Destiny is a funny thing.

And it might just have a vicious sense of humor all its own.

Iroh runs his thumb over the raised petals of the lotus tile and considers the eponymous throne of the room in which he now stands. A regent typically rules from the throne just as a true Fire Lord would, however, during the last meeting held within these walls, Ozai had cast aside centuries of tradition and sat at the table among the generals and sages of his council. It had only been a single meeting, but a long and important one during a time of change. Had his brother meant to set a new precedent?

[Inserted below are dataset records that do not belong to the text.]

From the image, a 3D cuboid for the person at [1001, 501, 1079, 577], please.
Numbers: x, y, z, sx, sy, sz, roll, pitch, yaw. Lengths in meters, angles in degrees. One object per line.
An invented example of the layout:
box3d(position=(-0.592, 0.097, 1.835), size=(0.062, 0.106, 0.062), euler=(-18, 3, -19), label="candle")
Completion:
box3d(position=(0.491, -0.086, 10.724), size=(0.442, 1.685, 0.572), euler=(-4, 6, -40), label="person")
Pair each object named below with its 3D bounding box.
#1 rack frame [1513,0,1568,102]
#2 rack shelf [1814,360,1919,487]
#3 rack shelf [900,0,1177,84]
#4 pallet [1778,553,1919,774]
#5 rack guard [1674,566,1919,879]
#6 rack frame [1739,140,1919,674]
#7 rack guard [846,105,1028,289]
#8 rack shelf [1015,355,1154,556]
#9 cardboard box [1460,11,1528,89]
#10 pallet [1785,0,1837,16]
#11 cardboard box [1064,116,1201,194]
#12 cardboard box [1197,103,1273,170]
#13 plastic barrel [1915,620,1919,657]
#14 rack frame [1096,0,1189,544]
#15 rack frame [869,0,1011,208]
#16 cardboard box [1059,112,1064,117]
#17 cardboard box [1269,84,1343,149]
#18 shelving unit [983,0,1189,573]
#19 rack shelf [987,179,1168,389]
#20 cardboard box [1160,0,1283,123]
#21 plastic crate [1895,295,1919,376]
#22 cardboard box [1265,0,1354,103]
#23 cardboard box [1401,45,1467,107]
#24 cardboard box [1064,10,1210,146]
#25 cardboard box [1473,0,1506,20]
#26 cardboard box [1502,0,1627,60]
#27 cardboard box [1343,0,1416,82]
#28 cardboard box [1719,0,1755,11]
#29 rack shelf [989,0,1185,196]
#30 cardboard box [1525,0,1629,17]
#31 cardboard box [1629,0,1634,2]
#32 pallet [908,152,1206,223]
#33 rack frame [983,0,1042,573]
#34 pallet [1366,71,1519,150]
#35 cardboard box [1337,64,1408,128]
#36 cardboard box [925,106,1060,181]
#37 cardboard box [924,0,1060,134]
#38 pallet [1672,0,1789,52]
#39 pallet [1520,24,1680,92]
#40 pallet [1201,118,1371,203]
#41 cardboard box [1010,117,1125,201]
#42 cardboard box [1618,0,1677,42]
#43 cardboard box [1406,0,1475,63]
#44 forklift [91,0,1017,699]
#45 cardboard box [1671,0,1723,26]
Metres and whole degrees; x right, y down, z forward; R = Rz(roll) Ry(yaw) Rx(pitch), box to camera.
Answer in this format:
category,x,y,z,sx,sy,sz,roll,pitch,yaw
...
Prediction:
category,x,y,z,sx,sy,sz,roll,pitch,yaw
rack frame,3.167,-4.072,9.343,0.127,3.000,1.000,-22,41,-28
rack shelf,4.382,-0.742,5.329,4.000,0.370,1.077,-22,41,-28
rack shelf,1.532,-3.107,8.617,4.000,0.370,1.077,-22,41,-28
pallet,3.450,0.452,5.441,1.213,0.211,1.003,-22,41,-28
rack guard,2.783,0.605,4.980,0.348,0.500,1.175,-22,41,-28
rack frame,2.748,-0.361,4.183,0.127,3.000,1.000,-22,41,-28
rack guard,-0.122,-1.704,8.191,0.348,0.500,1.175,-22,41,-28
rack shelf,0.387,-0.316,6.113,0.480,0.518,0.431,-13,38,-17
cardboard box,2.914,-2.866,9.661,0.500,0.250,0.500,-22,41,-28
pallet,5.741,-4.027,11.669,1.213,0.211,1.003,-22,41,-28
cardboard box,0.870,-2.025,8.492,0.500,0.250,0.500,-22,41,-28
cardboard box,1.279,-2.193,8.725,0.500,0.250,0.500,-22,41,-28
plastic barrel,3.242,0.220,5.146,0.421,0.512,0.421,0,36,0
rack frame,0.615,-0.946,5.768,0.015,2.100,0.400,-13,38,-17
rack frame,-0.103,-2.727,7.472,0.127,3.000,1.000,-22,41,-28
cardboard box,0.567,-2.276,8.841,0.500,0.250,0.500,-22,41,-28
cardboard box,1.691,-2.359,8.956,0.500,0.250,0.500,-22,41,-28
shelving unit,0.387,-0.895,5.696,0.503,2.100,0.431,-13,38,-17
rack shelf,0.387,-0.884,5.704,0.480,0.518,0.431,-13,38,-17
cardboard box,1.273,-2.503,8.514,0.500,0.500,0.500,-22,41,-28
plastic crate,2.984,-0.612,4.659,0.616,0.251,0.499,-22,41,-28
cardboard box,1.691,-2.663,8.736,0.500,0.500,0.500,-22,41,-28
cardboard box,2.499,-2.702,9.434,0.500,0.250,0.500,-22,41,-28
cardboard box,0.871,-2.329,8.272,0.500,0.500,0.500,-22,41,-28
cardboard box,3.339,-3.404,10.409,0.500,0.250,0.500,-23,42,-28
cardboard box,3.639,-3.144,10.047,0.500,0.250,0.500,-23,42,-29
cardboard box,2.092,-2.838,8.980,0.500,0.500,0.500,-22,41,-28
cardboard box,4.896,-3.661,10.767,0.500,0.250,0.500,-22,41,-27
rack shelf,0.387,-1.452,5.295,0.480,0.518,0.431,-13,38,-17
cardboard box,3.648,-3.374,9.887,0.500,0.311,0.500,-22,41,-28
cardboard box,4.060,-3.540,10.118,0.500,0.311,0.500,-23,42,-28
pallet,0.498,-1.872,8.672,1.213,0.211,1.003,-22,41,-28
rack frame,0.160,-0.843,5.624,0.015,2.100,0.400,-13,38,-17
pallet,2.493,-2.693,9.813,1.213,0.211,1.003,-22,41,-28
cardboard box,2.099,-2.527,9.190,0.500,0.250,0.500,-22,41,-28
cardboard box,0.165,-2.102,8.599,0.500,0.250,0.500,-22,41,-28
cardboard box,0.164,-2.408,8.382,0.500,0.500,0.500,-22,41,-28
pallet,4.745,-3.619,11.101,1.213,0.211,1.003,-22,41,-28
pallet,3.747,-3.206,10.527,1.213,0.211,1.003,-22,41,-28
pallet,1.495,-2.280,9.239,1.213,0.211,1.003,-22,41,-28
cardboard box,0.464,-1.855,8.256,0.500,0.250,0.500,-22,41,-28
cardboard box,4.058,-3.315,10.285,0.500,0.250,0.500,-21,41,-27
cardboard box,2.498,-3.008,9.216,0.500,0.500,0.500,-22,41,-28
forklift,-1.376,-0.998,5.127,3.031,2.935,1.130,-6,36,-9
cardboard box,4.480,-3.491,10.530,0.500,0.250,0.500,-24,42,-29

Or had Ozai only intended the aberration to last for the evening? Dozens of careful notes from his discussion with the Fire Lord this morning, but not one had been spared to address the expected seating arrangements.

Iroh flips the Pai Sho tile end-over-end as he weighs his options. It almost feels like being a general at the front again.

...He will not be holding an audience with any of the war council while he is acting as regent. That meeting is scheduled for later in the day, after Ozai's return. That leaves only the servants who might know there is anything to question, depending on how many of them also witnessed the last meeting. On the other hand, it would be preferable to avoid further wrong-footing or otherwise antagonizing the parties expecting an audience with the Fire Lord who will instead have to settle for speaking to a disgraced 'once-prince,' as the Sun Spirit is prone to phrasing it.

His fingers still as he reaches a decision.

While patience is a powerful weapon in the hands of the shrewd and caution is among the greatest tools of the prudent, hesitance is the folly born of a weak will.

Iroh settles into the cushions of the throne, slips the lotus tile back into its usual pocket, and hopes he has not already committed his first unwise action as regent. The curtain of flame flares upward from its bed of coals as he brings it under his control.

"I believe we are ready to begin," he addresses the waiting roomful of servants, "Let us allow our first guests to join us. Please, open the doors."